On Oct 8, 2013, at 1:56 PM, S Moonesamy <sm+ietf(_at_)elandsys(_dot_)com>
 wrote:

I am not sure whether hums are for a starting point or not.  It can be argued 
in different ways, for example, see Section 4. Humming helps to get a sense 
of the room without people making a decision under duress. 

Personally, I think focusing on Jeff Case's hums is missing the point. The 
point is the meaning of the term "rough consensus", and how that plays out in 
working group process. The manner of measurement is a secondary issue.

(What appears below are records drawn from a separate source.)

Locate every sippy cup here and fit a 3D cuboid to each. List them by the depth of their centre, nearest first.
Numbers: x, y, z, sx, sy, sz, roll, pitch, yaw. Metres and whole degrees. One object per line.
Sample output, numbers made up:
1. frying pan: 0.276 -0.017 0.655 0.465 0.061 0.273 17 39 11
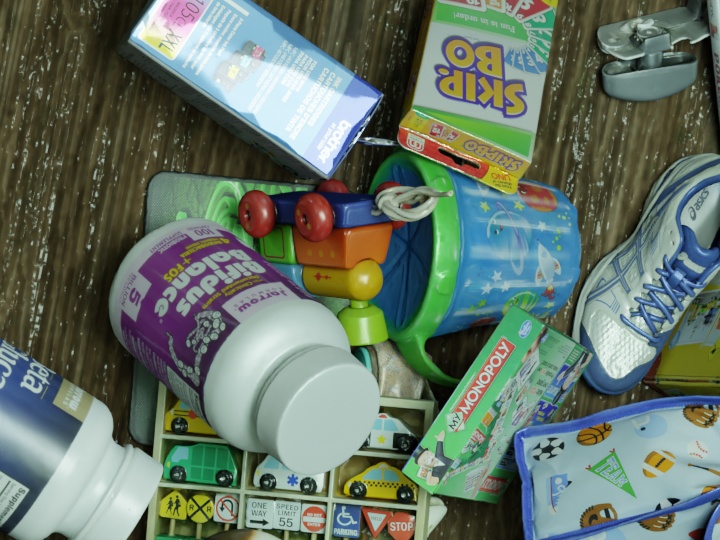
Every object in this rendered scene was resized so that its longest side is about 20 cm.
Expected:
1. sippy cup: 0.083 -0.016 1.544 0.130 0.140 0.179 3 117 -23

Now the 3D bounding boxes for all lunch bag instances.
1. lunch bag: 0.226 0.177 1.493 0.199 0.124 0.170 -15 136 12

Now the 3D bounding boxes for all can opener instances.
1. can opener: 0.273 -0.179 1.635 0.199 0.053 0.067 -14 124 -13

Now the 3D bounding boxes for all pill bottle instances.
1. pill bottle: -0.077 0.053 1.447 0.112 0.200 0.113 -21 128 -30
2. pill bottle: -0.239 0.116 1.469 0.199 0.111 0.111 33 82 -10

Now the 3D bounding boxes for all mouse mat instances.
1. mouse mat: -0.083 0.033 1.561 0.160 0.008 0.201 5 87 -13

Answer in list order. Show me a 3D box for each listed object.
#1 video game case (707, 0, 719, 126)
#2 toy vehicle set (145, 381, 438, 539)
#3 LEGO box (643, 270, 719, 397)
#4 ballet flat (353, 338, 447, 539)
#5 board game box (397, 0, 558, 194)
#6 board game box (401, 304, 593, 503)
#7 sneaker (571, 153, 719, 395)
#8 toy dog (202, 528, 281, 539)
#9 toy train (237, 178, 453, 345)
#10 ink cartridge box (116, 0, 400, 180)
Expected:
1. video game case: 0.359 -0.176 1.623 0.199 0.023 0.183 -17 117 -12
2. toy vehicle set: -0.049 0.146 1.513 0.199 0.027 0.125 4 90 10
3. LEGO box: 0.300 0.036 1.549 0.077 0.200 0.149 30 83 -10
4. ballet flat: 0.030 0.150 1.555 0.067 0.068 0.201 2 90 -20
5. board game box: 0.086 -0.147 1.540 0.095 0.030 0.201 23 51 -12
6. board game box: 0.100 0.097 1.497 0.029 0.200 0.135 35 92 17
7. sneaker: 0.223 -0.001 1.591 0.075 0.088 0.201 28 84 -13
8. toy dog: -0.104 0.264 1.444 0.139 0.194 0.201 23 104 -3
9. toy train: 0.000 0.000 1.481 0.084 0.200 0.116 -10 100 -36
10. ink cartridge box: -0.067 -0.129 1.502 0.200 0.136 0.077 36 86 -10
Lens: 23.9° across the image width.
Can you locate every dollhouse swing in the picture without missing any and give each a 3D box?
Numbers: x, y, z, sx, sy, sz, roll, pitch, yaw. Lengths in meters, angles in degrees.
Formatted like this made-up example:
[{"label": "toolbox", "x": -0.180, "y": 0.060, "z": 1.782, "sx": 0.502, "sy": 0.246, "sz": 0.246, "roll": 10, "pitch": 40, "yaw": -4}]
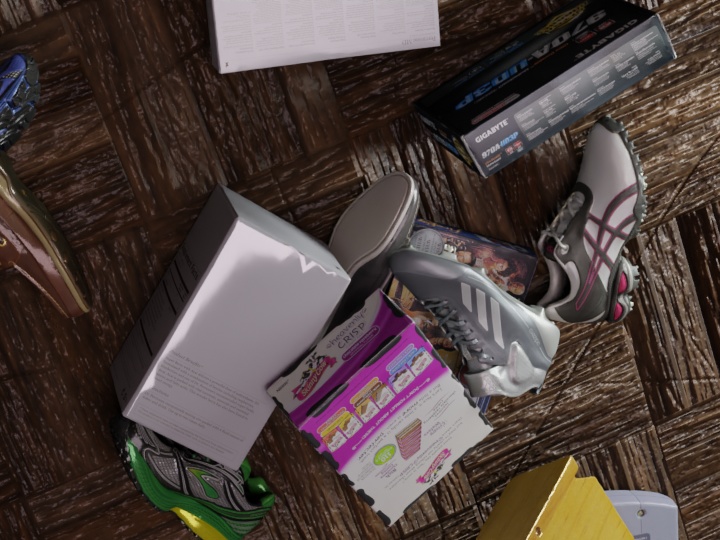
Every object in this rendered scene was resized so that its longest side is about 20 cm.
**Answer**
[{"label": "dollhouse swing", "x": 0.156, "y": 0.317, "z": 1.670, "sx": 0.201, "sy": 0.175, "sz": 0.182, "roll": 55, "pitch": 47, "yaw": -22}]

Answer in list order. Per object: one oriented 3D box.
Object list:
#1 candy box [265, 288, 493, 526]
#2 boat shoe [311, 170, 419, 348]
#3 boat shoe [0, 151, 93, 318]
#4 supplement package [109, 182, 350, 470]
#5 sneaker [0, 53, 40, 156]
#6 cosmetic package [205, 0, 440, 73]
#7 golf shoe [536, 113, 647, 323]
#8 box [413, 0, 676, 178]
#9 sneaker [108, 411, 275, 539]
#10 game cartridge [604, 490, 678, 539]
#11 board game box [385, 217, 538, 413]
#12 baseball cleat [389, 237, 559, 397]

To my small and somewhat naive mind, the difference between rough consensus on 
a topic and a vote on the same topic is something about winners and losers. In 
a purely political process, when a set of parties vote on something and the 
preponderance (by some definition of "preponderance") say something, the views 
of the losing set of parties are deemed irrelevant. In IETF process, and 
hopefully in any technical process, there is understanding that the parties who 
disagree may have valid reasons to disagree, and a phase of negotiation. When 
we talk about "rough consensus", I understand it to mean - and would like to 
believe that we all understand it this way - that we investigate the reasons 
for disagreement, perhaps discover that some of them are valid, and address 
those issues to the satisfaction of those who raised them. As a result, the 
ultimate solution, even though it may not be the specific solution we would all 
have designed or selected, is one that in fact addresses all known issues. 
While we may not all agree, we don't disagree.

I think the document on the table tries to address that. There are points of 
phraseology that I might express differently, but it's close enough that I 
don't disagree.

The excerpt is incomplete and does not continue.